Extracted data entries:
= = = =

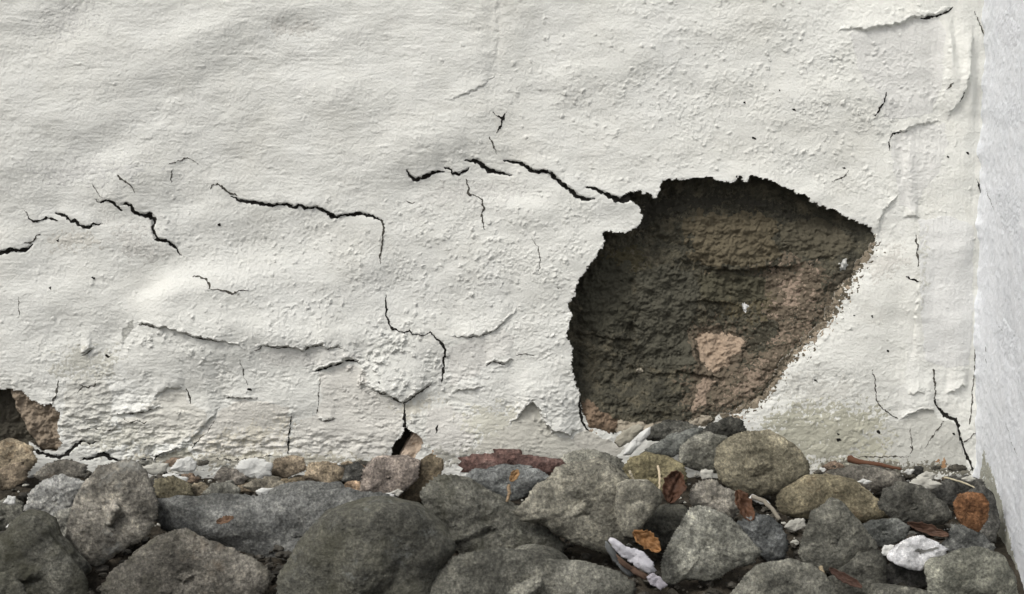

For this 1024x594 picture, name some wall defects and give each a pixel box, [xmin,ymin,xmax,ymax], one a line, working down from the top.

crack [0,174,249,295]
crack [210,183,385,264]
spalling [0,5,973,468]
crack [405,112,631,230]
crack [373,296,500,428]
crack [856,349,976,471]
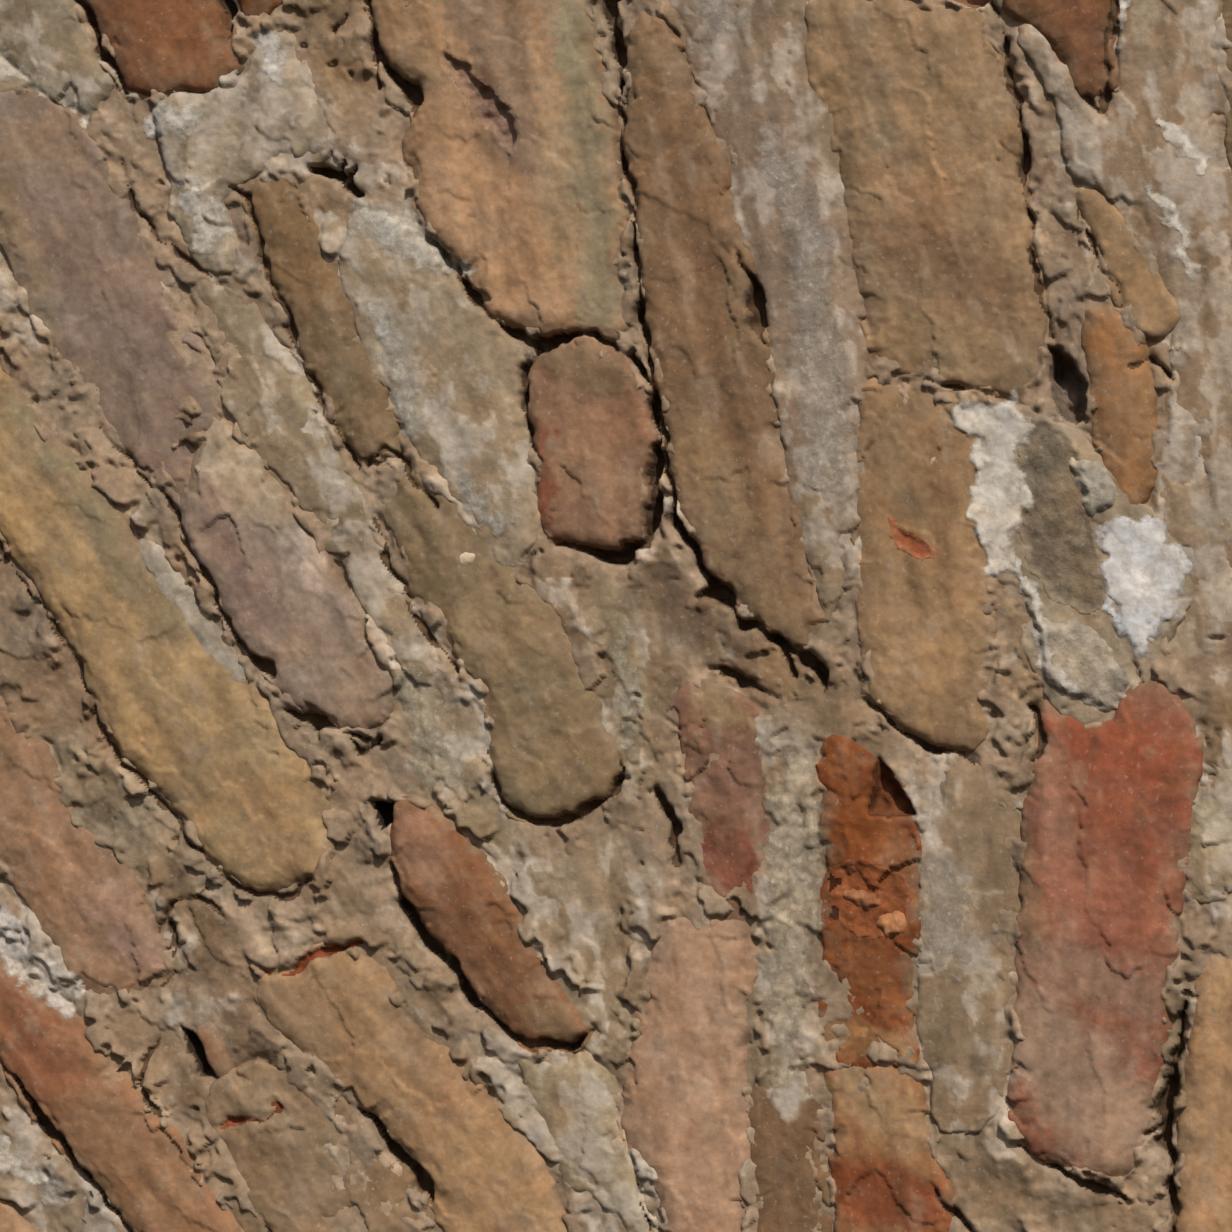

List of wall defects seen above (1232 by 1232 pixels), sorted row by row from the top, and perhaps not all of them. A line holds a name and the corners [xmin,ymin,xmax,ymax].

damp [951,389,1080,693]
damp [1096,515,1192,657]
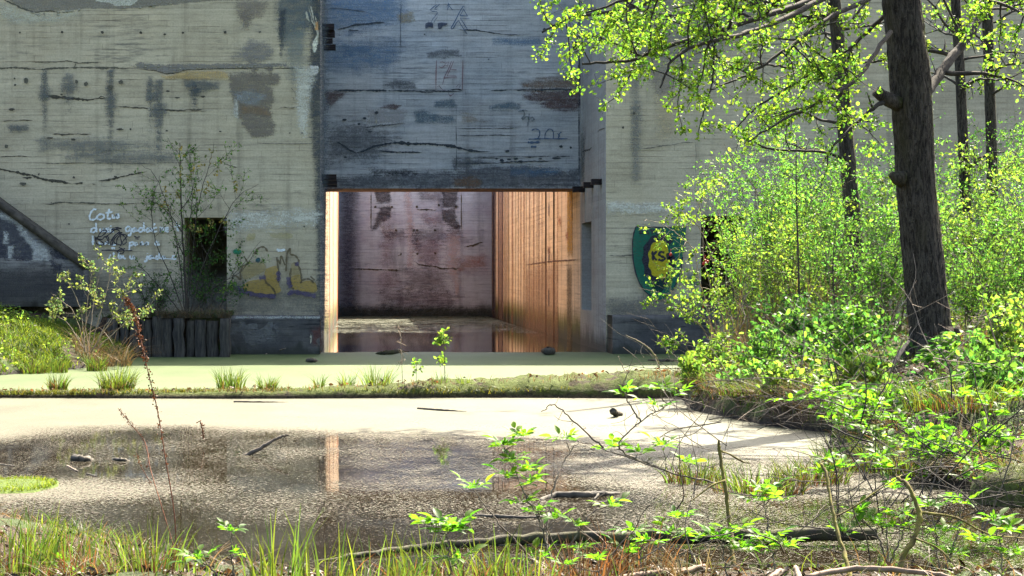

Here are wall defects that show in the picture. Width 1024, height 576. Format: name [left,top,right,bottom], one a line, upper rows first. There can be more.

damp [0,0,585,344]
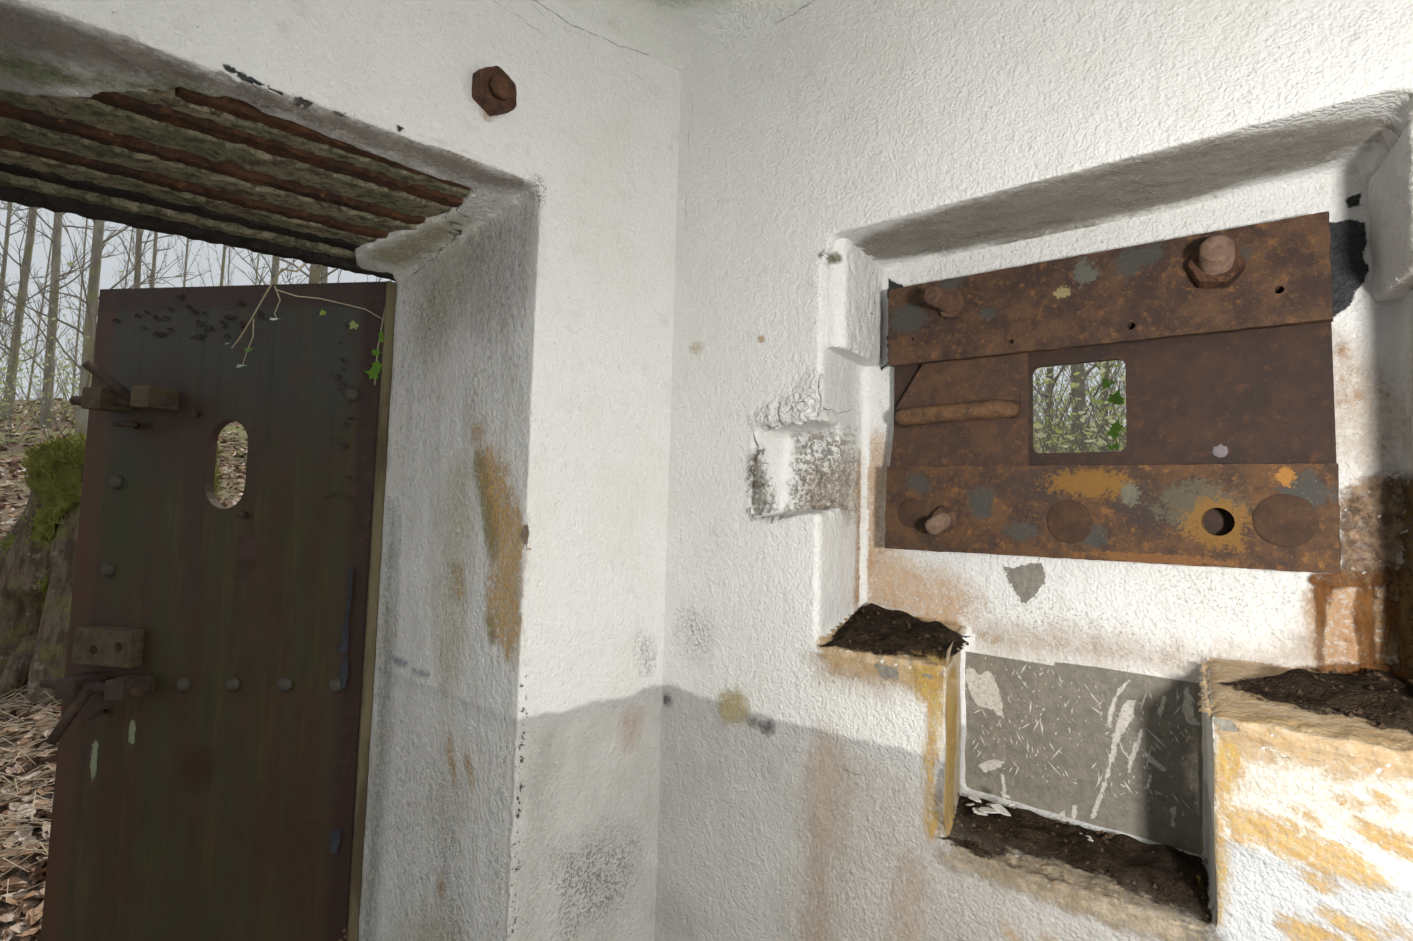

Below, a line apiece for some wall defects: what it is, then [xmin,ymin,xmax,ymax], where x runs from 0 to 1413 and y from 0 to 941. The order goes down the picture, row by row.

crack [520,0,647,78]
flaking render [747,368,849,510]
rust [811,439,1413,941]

= = = =

Work instruction: Write down only the closing run of lines: the one containing "Below, a line" and every line after it to the end of the entries, exactly.

Exercise solution:
Below, a line apiece for some wall defects: what it is, then [xmin,ymin,xmax,ymax], where x runs from 0 to 1413 and y from 0 to 941. The order goes down the picture, row by row.

crack [520,0,647,78]
flaking render [747,368,849,510]
rust [811,439,1413,941]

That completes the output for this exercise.